Having been a lead strategist and project manager for both native and hybrid app initiatives using numerous frameworks, I believe AppGyver is leading the pack in hybrid app innovation. Notable benefits:
- Data Binding. Steroids’ handling of data integration is impressive. Using the web-based app, Steroids has out-of-the-box support for built.io, Parse or integration with any REST API, all with a point-and-click UI. AppGyver also offers a sandbox data service for bootstrapping your apps.
- Build Distribution. As mentioned earlier, distributing pre-release builds is easy. If you have non-technical test users, you’ll have them setup and running in no time.
- Not just a framework or a compiler. Most other hybrid app solutions are either UI frameworks or platforms with a concentration on native API support and compiling. AppGyver is a well-conceived, language-agnostic platform with considerations for UI, data integration, distribution and deployment with considerable support for bolt-in components and plug-ins.

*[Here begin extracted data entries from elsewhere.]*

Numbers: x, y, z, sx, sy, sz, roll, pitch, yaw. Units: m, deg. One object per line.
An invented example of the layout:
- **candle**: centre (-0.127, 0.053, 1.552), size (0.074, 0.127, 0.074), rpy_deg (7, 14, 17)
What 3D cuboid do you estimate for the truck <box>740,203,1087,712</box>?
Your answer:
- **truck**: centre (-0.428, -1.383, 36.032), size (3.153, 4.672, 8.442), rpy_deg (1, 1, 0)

- Native Performance. Hybrid apps are often criticized for lacking both native feel and performance, especially when dealing with transitions between views and animations. I find Steroid apps to be performant and nearly indistinguishable from native. You can see for yourself by looking at their directory of user-submitted apps or via AppGyver’s curated showcase.
- Seamless hand-off between Composer and Steroids. All code generated with Composer is downloadable and conforms with Steroids.
I don’t have a lot of criticism of AppGyver. Where the platform lacks polish it makes up for in functionality. A few thoughts:
- Visual limitations in Composer. If you’re obsessive about visual control, Composer is somewhat limiting. That stated, it’s one of the nicest GUI based apps builders I’ve ever seen.
- Error Handling. Logs are captured via the browser-based management part of Steroids. While presented well, I hope AppGyver concentrates on improving warnings, errors and debug logs to be more developer-friendly and easier to pinpoint why something might not be working.
- Everything is free—for now? AppGyver’s Platform is completely free. They offer add-ons and cloud services for $199 a year, including integration with services such as Facebook, Urban Airship push notifications, Oauth and GPS. Should they need to pivot on their pricing model it may mean the platform ceases to be free or some features will be removed as premium add-ons. Of course, this is the risk of using any free platform.
If you’re fluent in AngularJS or another JS MVC, you’ll feel right at home with AppGyver. If not, Composer is a viable option—either as a way to bootstrap your app idea and finish it off using Steroids, or to build your app idea from concept to finished product. With a short setup time, formidable data handling, easy distribution and native-like performance, there’s no reason not to give AppGyver’s offerings a try.